Toch ziet ze ook dat er in de afgelopen jaren de nodige stappen zijn gezet. “We zijn van ver gekomen en het gaat beter dan ooit.” De successen van de Oranjeleeuwinnen dragen daar zeker aan bij, denkt ze. “Tot vijf jaar geleden zag je het amper op tv, nu zie je het overal. Meisjes kunnen echt voetballen, dat is nu wel duidelijk. Het is normaal geworden.” In dat promoten ziet ze ook voor haar eigen club nog wel een rol weggelegd. “We moeten nog meer uitdragen dat we een leuke vereniging zijn voor vrouwen. Dat we echt wat te bieden hebben.” En dat hebben ze. “We zitten erover te denken of we de meiden misschien in een iets andere kleur moeten laten spelen, dat ze er echt uitspringen. Ze hebben nu al een eigen tenue, en trainingspak, met meer vorm. Maar misschien is dat ook nog iets.”

Toekomst

Hun aanwezigheid is in ieder geval breed geaccepteerd. “Ze blijven hangen op de club, niemand vindt dat nog raar, we horen er echt wel gewoon bij nu.” En ondanks dat ze pas net is begonnen in haar nieuwe rol, kijkt ze alvast vooruit. “Hopelijk hebben we over een paar jaar meer meidenteams, zodat je dat ook merkt bij de senioren. Het is vaak lastig om meiden als vereniging langer vast te houden, maar met een goed beleid moet dat lukken. Met meer teams, heb je meer te bieden. Zowel prestatief als recreatief.” Ook op het gebied van trainers is er, overigens net als bij de jongens, nog een wereld te winnen. “Dat zijn vaak toch ouders. Ik doe het nu samen met een teamgenoot, straks gaan we ook de cursus volgen. Ooit hebben we gekscherend geroepen dat ik trainer word van Vrouwen 1, maar voorlopig wil ik nog niet stoppen hoor.” Leiderschap zit ook als voetbalster wel in haar. “Ik sta centraal achterin. Probeer het neer te zetten, te coachen en vooral de rust te bewaren.”

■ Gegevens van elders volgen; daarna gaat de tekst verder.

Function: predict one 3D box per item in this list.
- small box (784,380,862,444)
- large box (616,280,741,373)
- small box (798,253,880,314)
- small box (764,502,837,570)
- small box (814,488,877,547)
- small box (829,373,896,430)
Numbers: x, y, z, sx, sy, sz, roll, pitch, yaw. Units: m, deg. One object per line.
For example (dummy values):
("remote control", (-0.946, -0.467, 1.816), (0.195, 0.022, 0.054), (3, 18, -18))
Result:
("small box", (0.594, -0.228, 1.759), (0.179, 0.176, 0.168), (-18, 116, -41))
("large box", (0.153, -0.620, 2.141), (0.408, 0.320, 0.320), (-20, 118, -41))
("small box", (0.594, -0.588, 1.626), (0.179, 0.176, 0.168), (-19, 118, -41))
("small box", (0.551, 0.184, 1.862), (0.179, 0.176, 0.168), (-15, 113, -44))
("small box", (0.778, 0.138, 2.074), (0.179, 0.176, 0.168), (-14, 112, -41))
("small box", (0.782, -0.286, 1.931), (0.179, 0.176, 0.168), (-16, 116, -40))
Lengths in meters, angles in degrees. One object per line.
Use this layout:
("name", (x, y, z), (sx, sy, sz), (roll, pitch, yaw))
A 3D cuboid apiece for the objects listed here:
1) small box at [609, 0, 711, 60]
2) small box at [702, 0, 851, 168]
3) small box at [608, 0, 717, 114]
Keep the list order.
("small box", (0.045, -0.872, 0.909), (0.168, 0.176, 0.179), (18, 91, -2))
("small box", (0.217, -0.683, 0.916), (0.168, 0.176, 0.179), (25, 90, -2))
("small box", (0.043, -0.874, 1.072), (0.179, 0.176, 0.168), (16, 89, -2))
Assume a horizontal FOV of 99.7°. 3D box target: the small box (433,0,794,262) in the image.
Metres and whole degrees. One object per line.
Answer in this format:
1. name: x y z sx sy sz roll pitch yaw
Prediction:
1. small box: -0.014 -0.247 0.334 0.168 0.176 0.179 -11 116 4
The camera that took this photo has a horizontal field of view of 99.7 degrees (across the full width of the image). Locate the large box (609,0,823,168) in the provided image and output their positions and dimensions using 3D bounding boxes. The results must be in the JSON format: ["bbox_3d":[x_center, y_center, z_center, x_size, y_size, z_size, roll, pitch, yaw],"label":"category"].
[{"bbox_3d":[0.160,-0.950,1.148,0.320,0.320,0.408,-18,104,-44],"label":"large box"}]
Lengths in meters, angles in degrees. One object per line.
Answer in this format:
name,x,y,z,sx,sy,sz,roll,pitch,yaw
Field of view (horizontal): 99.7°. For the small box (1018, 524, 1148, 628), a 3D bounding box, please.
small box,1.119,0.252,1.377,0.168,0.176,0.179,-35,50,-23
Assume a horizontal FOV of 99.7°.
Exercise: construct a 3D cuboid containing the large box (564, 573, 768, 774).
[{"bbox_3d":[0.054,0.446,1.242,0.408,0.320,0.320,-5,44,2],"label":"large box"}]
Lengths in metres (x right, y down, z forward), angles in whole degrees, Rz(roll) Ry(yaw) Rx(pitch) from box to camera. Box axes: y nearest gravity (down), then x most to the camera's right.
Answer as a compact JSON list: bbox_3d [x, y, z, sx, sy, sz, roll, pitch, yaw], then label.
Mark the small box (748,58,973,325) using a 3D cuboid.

Ze heeft wel gemerkt dat het trainen van meisjes eventjes iets anders van je vraagt. “Het is een andere benadering, daar ben ik wel achter gekomen. Het moet vooral gezellig en leuk zijn, terwijl jongens een stuk individualistischer zijn. Meiden zijn meer één groep.” Voor nu is het vooral inlezen, zich concentreren op de indelingen voor komend seizoen en natuurlijk het organiseren van de Meidendag. Ze deed al veel voor de club, dat wordt de komende tijd niet minder, gelukkig heeft ze hulp. “Mijn teamgenoten helpen vast wel met organiseren, hoop ik!”